→ **Records for the exercise**:
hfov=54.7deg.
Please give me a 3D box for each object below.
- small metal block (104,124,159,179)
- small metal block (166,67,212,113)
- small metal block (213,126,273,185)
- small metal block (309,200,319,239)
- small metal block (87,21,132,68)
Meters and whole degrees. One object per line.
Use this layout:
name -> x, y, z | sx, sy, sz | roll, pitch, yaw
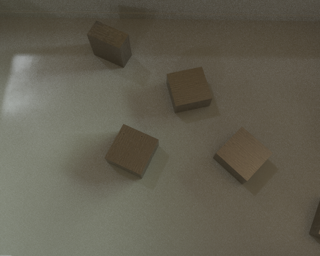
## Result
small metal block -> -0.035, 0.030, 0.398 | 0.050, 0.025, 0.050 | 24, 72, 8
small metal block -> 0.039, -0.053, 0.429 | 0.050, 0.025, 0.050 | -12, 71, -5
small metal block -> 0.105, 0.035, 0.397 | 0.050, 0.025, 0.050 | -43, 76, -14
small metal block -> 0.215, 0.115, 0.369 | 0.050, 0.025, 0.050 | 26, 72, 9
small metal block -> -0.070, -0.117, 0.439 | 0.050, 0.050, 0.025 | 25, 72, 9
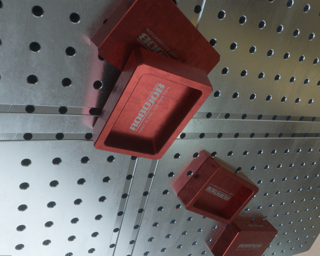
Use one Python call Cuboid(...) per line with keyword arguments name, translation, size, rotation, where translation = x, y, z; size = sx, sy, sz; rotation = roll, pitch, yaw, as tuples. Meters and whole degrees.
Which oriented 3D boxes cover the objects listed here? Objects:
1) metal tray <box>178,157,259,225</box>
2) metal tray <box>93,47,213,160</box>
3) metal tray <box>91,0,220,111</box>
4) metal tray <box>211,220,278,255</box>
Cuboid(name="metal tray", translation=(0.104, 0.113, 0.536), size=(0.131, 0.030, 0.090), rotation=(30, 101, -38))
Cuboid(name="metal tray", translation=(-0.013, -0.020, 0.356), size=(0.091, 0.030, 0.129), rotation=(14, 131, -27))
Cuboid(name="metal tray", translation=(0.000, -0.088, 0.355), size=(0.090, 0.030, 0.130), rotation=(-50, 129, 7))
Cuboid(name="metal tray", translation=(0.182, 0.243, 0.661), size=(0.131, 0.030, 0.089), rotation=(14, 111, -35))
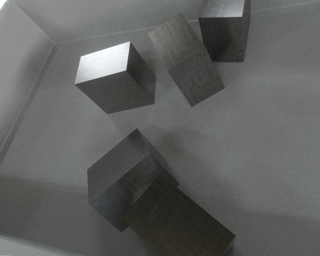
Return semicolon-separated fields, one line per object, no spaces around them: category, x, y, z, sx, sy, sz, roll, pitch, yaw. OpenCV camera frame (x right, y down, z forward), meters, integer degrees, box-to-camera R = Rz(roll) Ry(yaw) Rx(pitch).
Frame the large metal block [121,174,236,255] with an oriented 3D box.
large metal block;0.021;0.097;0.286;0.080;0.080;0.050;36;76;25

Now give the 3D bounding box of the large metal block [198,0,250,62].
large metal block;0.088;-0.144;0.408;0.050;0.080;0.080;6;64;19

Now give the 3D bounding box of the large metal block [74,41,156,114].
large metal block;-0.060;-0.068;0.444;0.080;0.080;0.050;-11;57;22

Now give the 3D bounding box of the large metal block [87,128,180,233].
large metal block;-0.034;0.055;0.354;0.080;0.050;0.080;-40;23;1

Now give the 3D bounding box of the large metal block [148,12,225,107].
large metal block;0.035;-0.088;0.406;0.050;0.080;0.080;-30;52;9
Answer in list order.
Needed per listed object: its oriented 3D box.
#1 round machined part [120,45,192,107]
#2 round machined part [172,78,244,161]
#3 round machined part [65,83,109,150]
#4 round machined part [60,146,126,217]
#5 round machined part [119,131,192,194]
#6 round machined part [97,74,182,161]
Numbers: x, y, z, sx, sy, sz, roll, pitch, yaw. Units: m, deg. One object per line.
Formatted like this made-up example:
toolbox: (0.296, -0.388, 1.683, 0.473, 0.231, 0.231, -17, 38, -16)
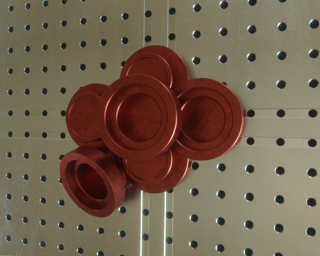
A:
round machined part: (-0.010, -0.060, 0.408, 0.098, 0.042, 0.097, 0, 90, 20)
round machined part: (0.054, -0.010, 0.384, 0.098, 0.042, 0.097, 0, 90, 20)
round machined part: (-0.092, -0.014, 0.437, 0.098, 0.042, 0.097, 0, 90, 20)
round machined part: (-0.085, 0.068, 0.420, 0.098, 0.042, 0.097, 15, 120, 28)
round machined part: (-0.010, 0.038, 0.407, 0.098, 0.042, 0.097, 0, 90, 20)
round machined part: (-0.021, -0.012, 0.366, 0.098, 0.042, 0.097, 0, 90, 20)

→ **What you have to do**: Looking at the records above, say how many lines hold the string "this". Write nothing but the number.

→ **Task answer**: 2